REQUIRED WORK: Every line of the entries below from the one containing "- car at [1214, 567, 1727, 879]" to the one containing "- car at [158, 617, 368, 709]", both ends included, must be written out exactly. No other line belongs in the answer.

DATA SUPPLIED:
Segment Open
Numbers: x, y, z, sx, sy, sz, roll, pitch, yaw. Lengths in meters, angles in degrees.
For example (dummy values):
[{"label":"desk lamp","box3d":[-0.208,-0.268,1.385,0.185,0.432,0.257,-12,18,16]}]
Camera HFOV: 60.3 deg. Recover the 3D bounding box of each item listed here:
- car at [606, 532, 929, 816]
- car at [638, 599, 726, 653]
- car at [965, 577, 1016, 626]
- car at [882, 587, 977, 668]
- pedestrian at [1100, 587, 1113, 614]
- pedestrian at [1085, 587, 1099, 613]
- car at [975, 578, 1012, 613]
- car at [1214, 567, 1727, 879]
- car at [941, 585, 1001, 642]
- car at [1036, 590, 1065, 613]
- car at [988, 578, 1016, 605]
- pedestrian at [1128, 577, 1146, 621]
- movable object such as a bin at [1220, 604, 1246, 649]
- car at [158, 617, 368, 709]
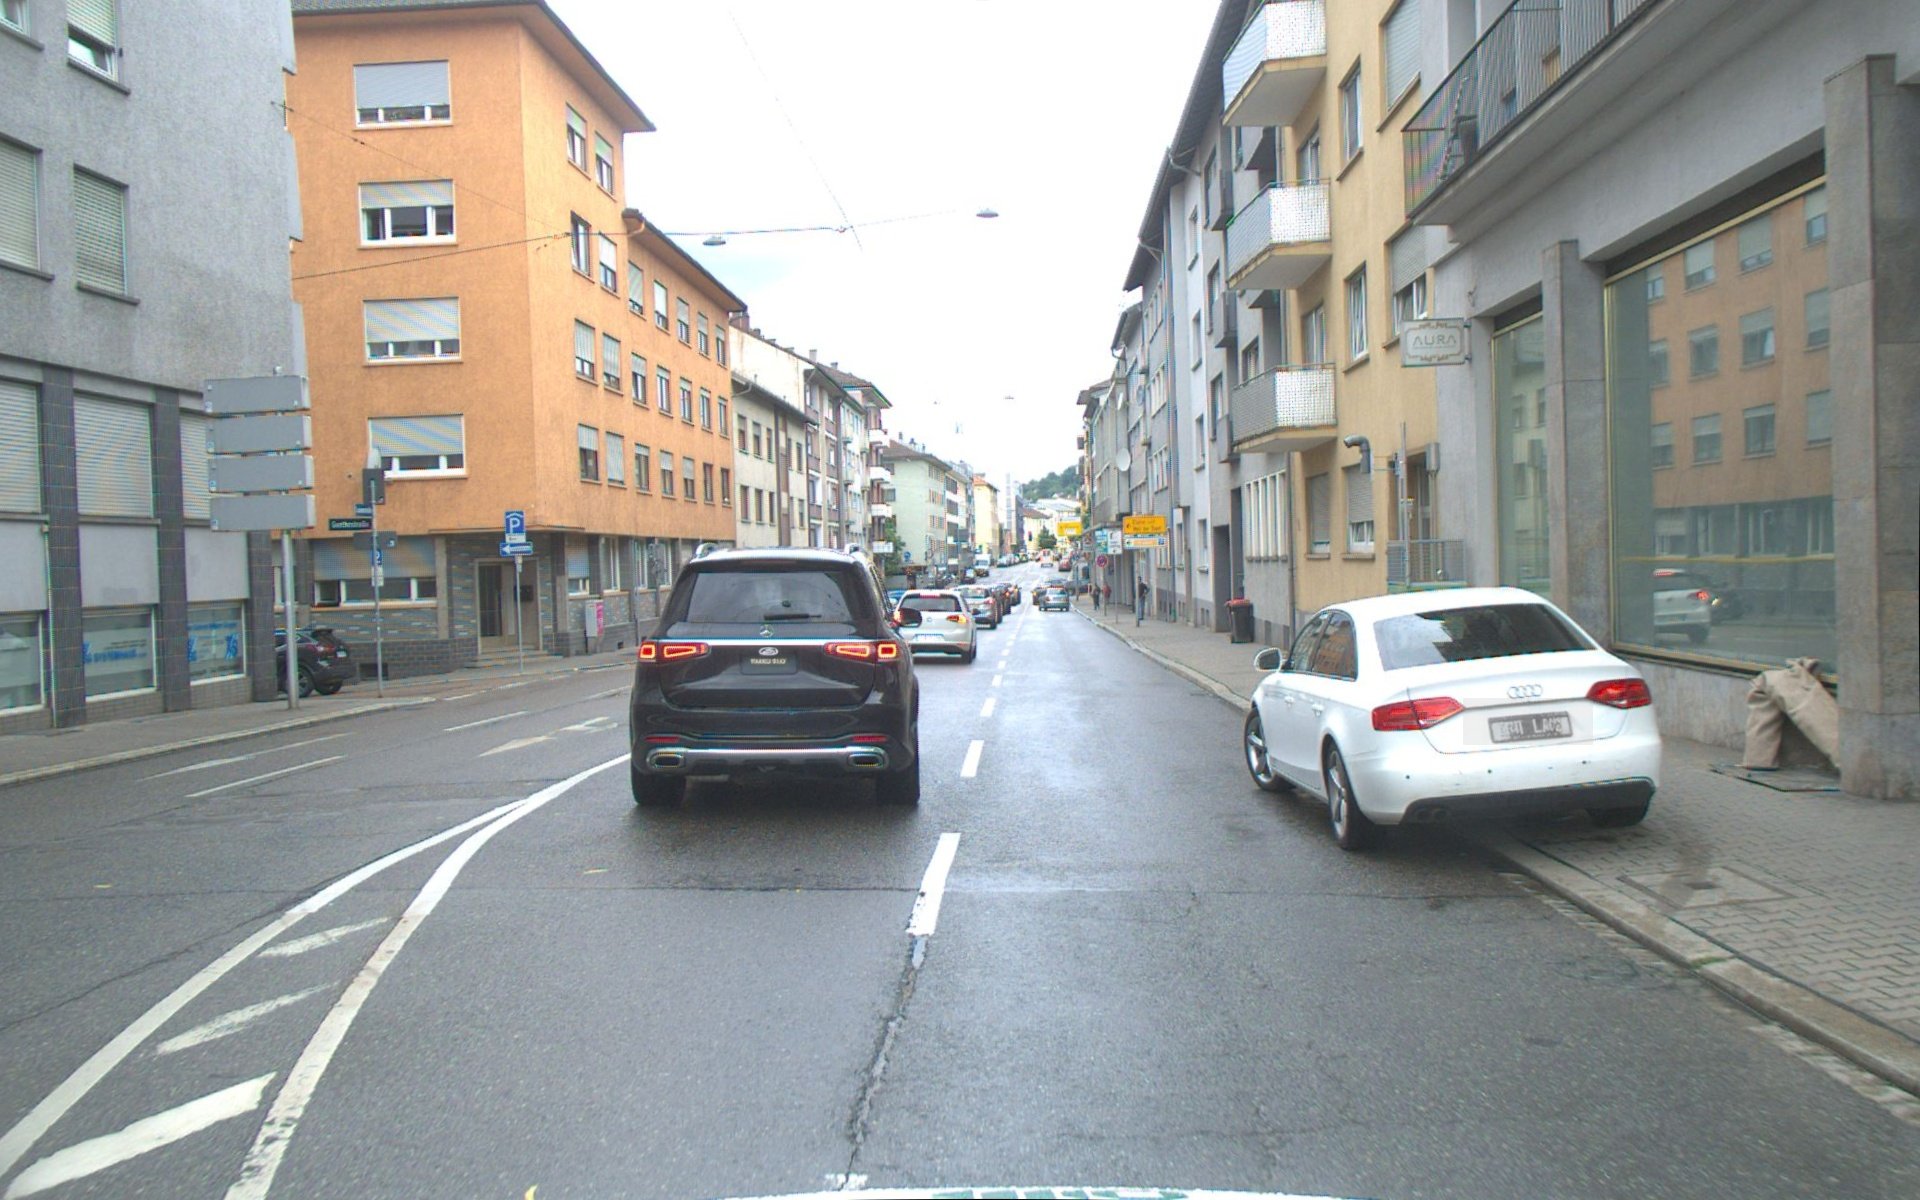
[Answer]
[{"label":"car","box3d":[-1.291,0.431,12.792,2.034,1.796,4.610,0,1,-2]},{"label":"car","box3d":[-8.368,0.752,50.120,1.852,1.484,4.550,0,1,1]},{"label":"car","box3d":[1.368,0.034,72.018,1.951,2.049,4.003,0,1,5]},{"label":"car","box3d":[-0.593,0.524,34.802,1.854,1.537,4.173,1,1,0]},{"label":"pedestrian","box3d":[8.813,0.024,99.387,0.803,1.592,0.900,0,0,5]},{"label":"pedestrian","box3d":[7.952,0.003,99.468,0.803,1.592,0.900,0,0,5]},{"label":"car","box3d":[1.986,-0.281,97.365,1.951,2.049,4.003,0,1,5]},{"label":"car","box3d":[3.018,0.613,10.929,1.855,1.426,4.609,-6,1,0]},{"label":"car","box3d":[0.438,0.487,62.136,1.951,2.049,4.003,0,1,5]},{"label":"car","box3d":[5.819,0.053,106.438,1.698,1.412,4.583,0,1,1]},{"label":"car","box3d":[3.318,-0.692,129.342,1.951,2.049,4.003,0,1,5]},{"label":"pedestrian","box3d":[7.276,-0.046,68.072,0.641,1.782,0.742,-3,0,7]},{"label":"movable object such as a bin","box3d":[6.227,0.597,37.721,0.463,0.979,0.564,-4,0,4]},{"label":"car","box3d":[-16.082,1.430,38.302,3.905,1.680,1.931,-5,0,2]}]
Segment Closed
ANSWER BOX:
- car at [1214, 567, 1727, 879]
- car at [941, 585, 1001, 642]
- car at [1036, 590, 1065, 613]
- car at [988, 578, 1016, 605]
- pedestrian at [1128, 577, 1146, 621]
- movable object such as a bin at [1220, 604, 1246, 649]
- car at [158, 617, 368, 709]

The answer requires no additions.